List of the 17 selected articles – Click to see
  1. Profile of Gwyneth Ho, a candidate in the 2020 legislative primaries held by the pro-democracy camp, published on July 7, 2020.
  2. Profile of Owen Chow, a candidate in the 2020 legislative primaries held by the pro-democracy camp, published on July 27, 2020.
  3. Profile of Fergus Leung, a candidate in the 2020 legislative primaries held by the pro-democracy camp, published on August 12, 2020.
  4. Commentary by Chan Pui-man, Apple Daily’s former associate publisher, criticising speech crimes, published on September 12, 2020.
  5. Commentary by Nathan Law, a former lawmaker now in self-exile, on “how to resist” under the national security law, published on September 20, 2020.
  6. Profile of Law on his “battlefront” of calling for sanctions on the Hong Kong government in the UK, published on December 9, 2020.
  7. Commentary by Law on “resilience in a chaotic world,” published on December 13, 2020.
  8. Feature interview with Ted Hui, a former lawmaker in self-exile, after he fled Hong Kong with his family, published on December 14, 2020.
  9. Feature interview with Baggio Leung, a former lawmaker in self-exile, as he called for sanctions on Hong Kong and a “lifeboat scheme for Hongkongers,” published on December 15, 2020.
  10. Commentary by Sunny Cheung, an activist in self-exile, responding to being wanted by the Hong Kong government, published on December 28, 2020.
  11. Commentary by Allan Au, a veteran journalist, on “new words in 2020,” which included “national security,” “disqualified” and “in exile,” published on December 29, 2020.
  12. Commentary by Au calling a national security trial a show, published on February 3, 2021.
  13. Commentary by Law paralleling the mass arrests of candidates in the democrats’ primaries to mass arrests during Taiwan’s white terror period, published on March 2, 2021.
  14. Commentary by Au accusing the authorities of “lawfare” in usage of the sedition law, published on June 1, 2021.
  15. Commentary by Au describing Hong Kong as a disaster scene after the implementation of national security law, published on June 22, 2021.
  16. Feature about CUHK graduates’ march on campus to mourn the second anniversary of the police-student clash in 2019, published on November 11, 2021.
  17. Report on Chow Hang-tung’s response to being honoured with the Prominent Chinese Democracy Activist award, published on December 5, 2021.
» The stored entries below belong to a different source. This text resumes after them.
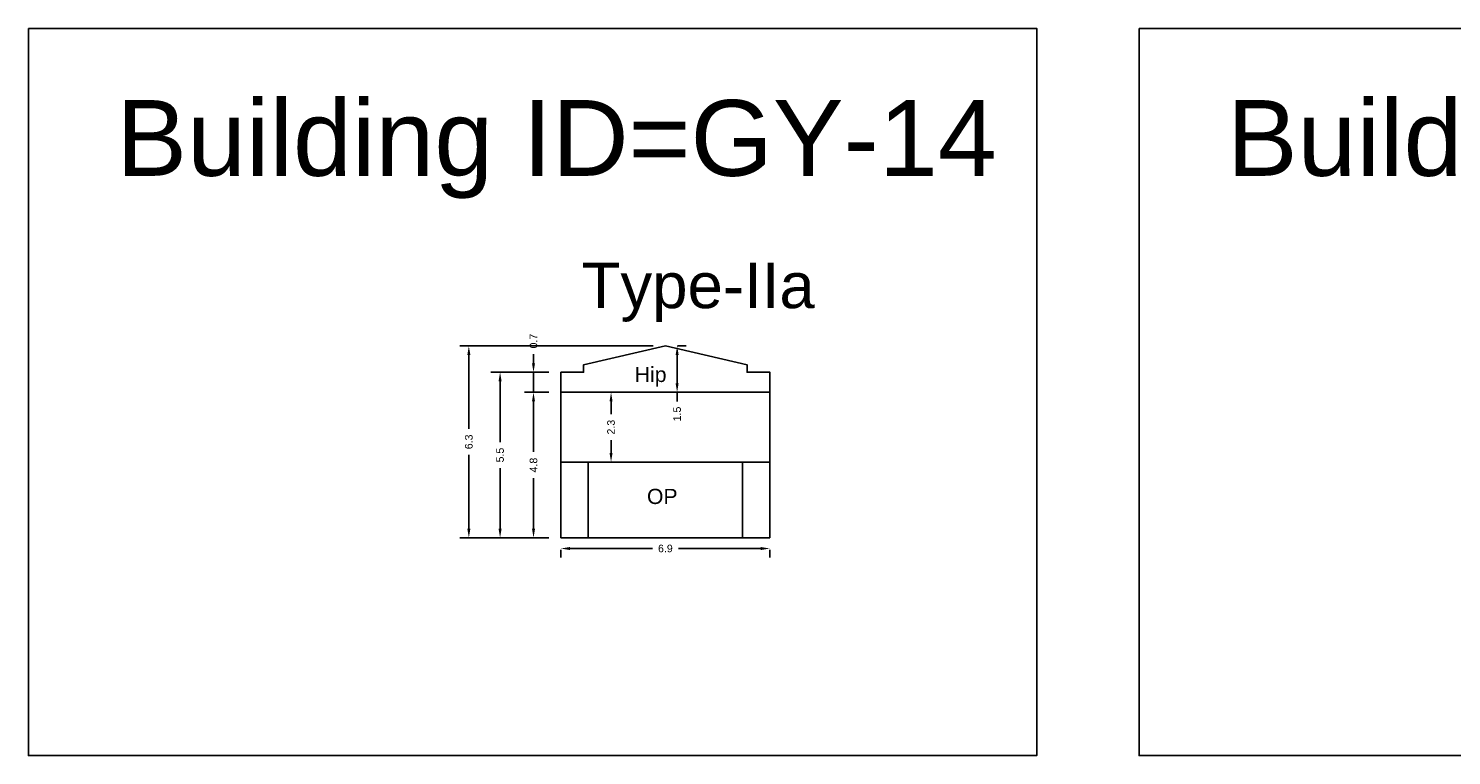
# Model space of a CAD drawing. Header units: metres. Extents: x 3416649 to 3417076, y -6712857 to -6712690.
# Tile 25 of 43: x 3416780 to 3416827, y -6712755 to -6712731. Entities that reach past the tile are written whole.
import ezdxf

# ---------------------------------------------------------------- set-up
doc = ezdxf.new("R2010")
doc.units = ezdxf.units.M
doc.linetypes.add('ACAD_ISO02W100', pattern=[15, 12, -3])
doc.layers.add('Dotted', color=7, linetype='ACAD_ISO02W100', plot=False)
doc.styles.get("Standard").update_dxf_attribs({"font": 'arial.ttf'})
doc.dimstyles.new('ISO-25', dxfattribs={"dimtxt": 0.25, "dimasz": 0.3, "dimexe": 0.3, "dimexo": 0.4, "dimgap": 0.2, "dimtad": 0, "dimdec": 1, "dimdsep": 46, "dimtxsty": 'Standard', "dimcen": 2.5, "dimadec": 0, "dimazin": 0, "dimtfac": 1, "dimtdec": 1, "dimtmove": 0, "dimatfit": 3, "dimfxl": 1, "dimarcsym": 0})

# ---------------------------------------------------------------- blocks, each defined once
blk = doc.blocks.new('*D91')
at = {"color": 0, "lineweight": -2, "transparency": 16777216}
for p, q in [((3416797.931, -6712748.219), (3416797.931, -6712748.471)), ((3416798.231, -6712748.171), (3416800.948, -6712748.171)), ((3416804.521, -6712748.171), (3416801.805, -6712748.171)), ((3416804.821, -6712748.219), (3416804.821, -6712748.471))]:
    blk.add_line(p, q, dxfattribs=at)
at = {"color": 0, "transparency": 16777216}
for points in [[(3416798.231, -6712748.121), (3416798.231, -6712748.221), (3416797.931, -6712748.171)], [(3416804.521, -6712748.121), (3416804.521, -6712748.221), (3416804.821, -6712748.171)]]:
    blk.add_solid(points, dxfattribs=at)
at = {"layer": 'Defpoints', "color": 0, "transparency": 16777216}
for p in [(3416797.931, -6712747.819), (3416804.821, -6712747.819), (3416804.821, -6712748.171)]:
    blk.add_point(p, dxfattribs=at)
at = {"color": 0, "transparency": 16777216, "insert": (3416801.376, -6712748.171), "char_height": 0.25, "attachment_point": 5}
blk.add_mtext('6.9', dxfattribs=at)
blk = doc.blocks.new('*D92')
at = {"color": 0, "lineweight": -2, "transparency": 16777216}
for p, q in [((3416797.531, -6712743.019), (3416796.729, -6712743.019)), ((3416797.029, -6712743.319), (3416797.029, -6712744.986)), ((3416797.029, -6712747.519), (3416797.029, -6712745.851)), ((3416797.531, -6712747.819), (3416796.729, -6712747.819))]:
    blk.add_line(p, q, dxfattribs=at)
at = {"color": 0, "transparency": 16777216}
for points in [[(3416796.979, -6712743.319), (3416797.079, -6712743.319), (3416797.029, -6712743.019)], [(3416796.979, -6712747.519), (3416797.079, -6712747.519), (3416797.029, -6712747.819)]]:
    blk.add_solid(points, dxfattribs=at)
at = {"layer": 'Defpoints', "color": 0, "transparency": 16777216}
for p in [(3416797.029, -6712743.019), (3416797.931, -6712743.019), (3416797.931, -6712747.819)]:
    blk.add_point(p, dxfattribs=at)
at = {"color": 0, "transparency": 16777216, "insert": (3416797.029, -6712745.419), "char_height": 0.25, "attachment_point": 5, "rotation": 90}
blk.add_mtext('4.8', dxfattribs=at)
blk = doc.blocks.new('*D93')
at = {"color": 0, "lineweight": -2, "transparency": 16777216}
for p, q in [((3416797.531, -6712742.359), (3416795.627, -6712742.359)), ((3416795.927, -6712742.659), (3416795.927, -6712744.66)), ((3416795.927, -6712747.519), (3416795.927, -6712745.517)), ((3416797.531, -6712747.819), (3416795.627, -6712747.819))]:
    blk.add_line(p, q, dxfattribs=at)
at = {"color": 0, "transparency": 16777216}
for points in [[(3416795.877, -6712742.659), (3416795.977, -6712742.659), (3416795.927, -6712742.359)], [(3416795.877, -6712747.519), (3416795.977, -6712747.519), (3416795.927, -6712747.819)]]:
    blk.add_solid(points, dxfattribs=at)
at = {"layer": 'Defpoints', "color": 0, "transparency": 16777216}
for p in [(3416795.927, -6712742.359), (3416797.931, -6712742.359), (3416797.931, -6712747.819)]:
    blk.add_point(p, dxfattribs=at)
at = {"color": 0, "transparency": 16777216, "insert": (3416795.927, -6712745.089), "char_height": 0.25, "attachment_point": 5, "rotation": 90}
blk.add_mtext('5.5', dxfattribs=at)
blk = doc.blocks.new('*D94')
at = {"color": 0, "lineweight": -2, "transparency": 16777216}
for p, q in [((3416800.976, -6712741.489), (3416794.597, -6712741.489)), ((3416794.897, -6712741.789), (3416794.897, -6712744.225)), ((3416794.897, -6712747.519), (3416794.897, -6712745.082)), ((3416797.531, -6712747.819), (3416794.597, -6712747.819))]:
    blk.add_line(p, q, dxfattribs=at)
at = {"color": 0, "transparency": 16777216}
for points in [[(3416794.847, -6712741.789), (3416794.947, -6712741.789), (3416794.897, -6712741.489)], [(3416794.847, -6712747.519), (3416794.947, -6712747.519), (3416794.897, -6712747.819)]]:
    blk.add_solid(points, dxfattribs=at)
at = {"layer": 'Defpoints', "color": 0, "transparency": 16777216}
for p in [(3416794.897, -6712741.489), (3416801.376, -6712741.489), (3416797.931, -6712747.819)]:
    blk.add_point(p, dxfattribs=at)
at = {"color": 0, "transparency": 16777216, "insert": (3416794.897, -6712744.654), "char_height": 0.25, "attachment_point": 5, "rotation": 90}
blk.add_mtext('6.3', dxfattribs=at)
blk = doc.blocks.new('*D95')
at = {"color": 0, "lineweight": -2, "transparency": 16777216}
for p, q in [((3416797.029, -6712742.059), (3416797.029, -6712741.759)), ((3416797.531, -6712742.359), (3416796.729, -6712742.359)), ((3416797.029, -6712743.019), (3416797.029, -6712742.359)), ((3416797.531, -6712743.019), (3416796.729, -6712743.019)), ((3416797.029, -6712743.319), (3416797.029, -6712743.619))]:
    blk.add_line(p, q, dxfattribs=at)
at = {"color": 0, "transparency": 16777216}
for points in [[(3416796.979, -6712742.059), (3416797.079, -6712742.059), (3416797.029, -6712742.359)], [(3416796.979, -6712743.319), (3416797.079, -6712743.319), (3416797.029, -6712743.019)]]:
    blk.add_solid(points, dxfattribs=at)
at = {"layer": 'Defpoints', "color": 0, "transparency": 16777216}
for p in [(3416797.029, -6712742.359), (3416797.931, -6712742.359), (3416797.931, -6712743.019)]:
    blk.add_point(p, dxfattribs=at)
at = {"color": 0, "transparency": 16777216, "insert": (3416797.029, -6712741.331), "char_height": 0.25, "attachment_point": 5, "rotation": 90}
blk.add_mtext('0.7', dxfattribs=at)
blk = doc.blocks.new('*D96')
at = {"color": 0, "lineweight": -2, "transparency": 16777216}
for p, q in [((3416801.763, -6712741.789), (3416801.763, -6712742.719)), ((3416801.776, -6712741.489), (3416802.063, -6712741.489)), ((3416801.763, -6712743.019), (3416801.763, -6712743.319)), ((3416801.776, -6712743.019), (3416802.063, -6712743.019))]:
    blk.add_line(p, q, dxfattribs=at)
at = {"color": 0, "transparency": 16777216}
for points in [[(3416801.713, -6712741.789), (3416801.813, -6712741.789), (3416801.763, -6712741.489)], [(3416801.713, -6712742.719), (3416801.813, -6712742.719), (3416801.763, -6712743.019)]]:
    blk.add_solid(points, dxfattribs=at)
at = {"layer": 'Defpoints', "color": 0, "transparency": 16777216}
for p in [(3416801.376, -6712741.489), (3416801.376, -6712743.019), (3416801.763, -6712743.019)]:
    blk.add_point(p, dxfattribs=at)
at = {"color": 0, "transparency": 16777216, "insert": (3416801.763, -6712743.735), "char_height": 0.25, "attachment_point": 5, "rotation": 90}
blk.add_mtext('1.5', dxfattribs=at)
blk = doc.blocks.new('*D97')
at = {"color": 0, "lineweight": -2, "transparency": 16777216}
for p, q in [((3416799.361, -6712743.019), (3416799.285, -6712743.019)), ((3416799.585, -6712743.319), (3416799.585, -6712743.739)), ((3416799.585, -6712745.019), (3416799.585, -6712744.598)), ((3416799.361, -6712745.319), (3416799.285, -6712745.319))]:
    blk.add_line(p, q, dxfattribs=at)
at = {"color": 0, "transparency": 16777216}
for points in [[(3416799.535, -6712743.319), (3416799.635, -6712743.319), (3416799.585, -6712743.019)], [(3416799.535, -6712745.019), (3416799.635, -6712745.019), (3416799.585, -6712745.319)]]:
    blk.add_solid(points, dxfattribs=at)
at = {"layer": 'Defpoints', "color": 0, "transparency": 16777216}
for p in [(3416799.585, -6712743.019), (3416799.761, -6712743.019), (3416799.761, -6712745.319)]:
    blk.add_point(p, dxfattribs=at)
at = {"color": 0, "transparency": 16777216, "insert": (3416799.585, -6712744.169), "char_height": 0.25, "attachment_point": 5, "rotation": 90}
blk.add_mtext('2.3', dxfattribs=at)

msp = doc.modelspace()

# ---------------------------------------------------------------- linework, layer by layer
for points in [[(3416780.38, -6712731.019), (3416813.618, -6712731.019), (3416813.618, -6712754.999), (3416780.38, -6712754.999)], [(3416816.99, -6712731.019), (3416850.228, -6712731.019), (3416850.228, -6712754.999), (3416816.99, -6712754.999)], [(3416804.821, -6712743.019), (3416804.821, -6712742.359), (3416804.071, -6712742.359), (3416804.071, -6712742.109), (3416801.376, -6712741.489), (3416798.681, -6712742.109), (3416798.681, -6712742.359), (3416797.931, -6712742.359), (3416797.931, -6712743.019)], [(3416798.831, -6712745.319), (3416803.921, -6712745.319), (3416803.921, -6712747.819), (3416798.831, -6712747.819)]]:
    msp.add_lwpolyline(points, close=True)
for points in [[(3416798.681, -6712742.109), (3416801.376, -6712741.489)], [(3416804.071, -6712742.109), (3416801.376, -6712741.489)], [(3416797.931, -6712742.359), (3416798.681, -6712742.359)], [(3416797.931, -6712747.819), (3416797.931, -6712742.359)], [(3416798.681, -6712742.359), (3416798.681, -6712742.109)], [(3416804.071, -6712742.109), (3416804.071, -6712742.359)], [(3416804.071, -6712742.359), (3416804.821, -6712742.359)], [(3416804.821, -6712742.359), (3416804.821, -6712747.819)], [(3416797.931, -6712745.319), (3416804.821, -6712745.319)], [(3416798.831, -6712747.819), (3416798.831, -6712745.319)], [(3416803.921, -6712745.319), (3416803.921, -6712747.819)], [(3416797.931, -6712747.819), (3416804.821, -6712747.819)]]:
    msp.add_lwpolyline(points)
at = {"layer": 'Dotted', "ltscale": 0.02}
msp.add_lwpolyline([(3416797.931, -6712743.019), (3416804.821, -6712743.019)], dxfattribs=at)

# ---------------------------------------------------------------- texts
at = {"attachment_point": 1}
for s, width, heights, insert, char_height in [('Building ID=GY-14', 67.86454, [0.517], (3416783.277, -6712733.38), 2.5), ('Building ID=GY-15', 67.86454, [0.517], (3416819.887, -6712733.38), 2.5), ('Type-IIa ', 9.99112, [0.517], (3416798.614, -6712738.744), 1.5), ('Hip', 1.17554, [0], (3416800.366, -6712742.18), 0.5), ('OP', 1.17554, [0], (3416800.769, -6712746.203), 0.5)]:
    msp.add_mtext_dynamic_manual_height_columns(s, width=width, gutter_width=12.5, heights=heights, dxfattribs=dict(at, insert=insert, char_height=char_height))

# ---------------------------------------------------------------- dimensions: what is measured, and where the dimension line sits
for base, p1, p2, picture, middle in [((3416797.029, -6712742.359), (3416797.931, -6712743.019), (3416797.931, -6712742.359), '*D95', (3416797.029, -6712741.331)), ((3416794.897, -6712741.489), (3416797.931, -6712747.819), (3416801.376, -6712741.489), '*D94', (3416794.897, -6712744.654)), ((3416801.763, -6712743.019), (3416801.376, -6712741.489), (3416801.376, -6712743.019), '*D96', (3416801.763, -6712743.735)), ((3416795.927, -6712742.359), (3416797.931, -6712747.819), (3416797.931, -6712742.359), '*D93', (3416795.927, -6712745.089)), ((3416797.029, -6712743.019), (3416797.931, -6712747.819), (3416797.931, -6712743.019), '*D92', (3416797.029, -6712745.419)), ((3416799.585, -6712743.019), (3416799.761, -6712745.319), (3416799.761, -6712743.019), '*D97', (3416799.585, -6712744.169))]:
    dim = msp.add_linear_dim(base=base, p1=p1, p2=p2, angle=90, dimstyle='ISO-25')
    dim.commit()
    dim.dimension.update_dxf_attribs({"geometry": picture, "text_midpoint": middle})
dim = msp.add_linear_dim(base=(3416804.821, -6712748.171), p1=(3416797.931, -6712747.819), p2=(3416804.821, -6712747.819), dimstyle='ISO-25')
dim.commit()
dim.dimension.update_dxf_attribs({"geometry": '*D91', "text_midpoint": (3416801.376, -6712748.171)})

doc.saveas('drawing.dxf')

*The published dates of the articles were listed according to both the prosecutor’s opening statement and HKFP’s database.

The unofficial primaries for the Legislative Council election, which was later postponed, led to 47 prominent democrats, including Ho, being charged over their role in an alleged conspiracy to commit subversion under the Beijing-imposed national security law. The trial of 16 among them who pleaded not guilty is currently underway.

Ng said Ho was challenged during primary election forums – co-hosted by Stand News – about why she had gone from being a journalist to become a politician, and whether it was for better pay. The profile in Stand News, Ng said, had “provided a platform” for Ho to defend her position.

Gwyneth Ho
Gwyneth Ho. File photo: Gwyneth Ho, via Facebook.

But Chung said he disagreed with the prosecutor’s description as the interview had been conducted ahead of the forums, adding that he and the reporter who wrote the piece had decided on the interview’s focus beforehand.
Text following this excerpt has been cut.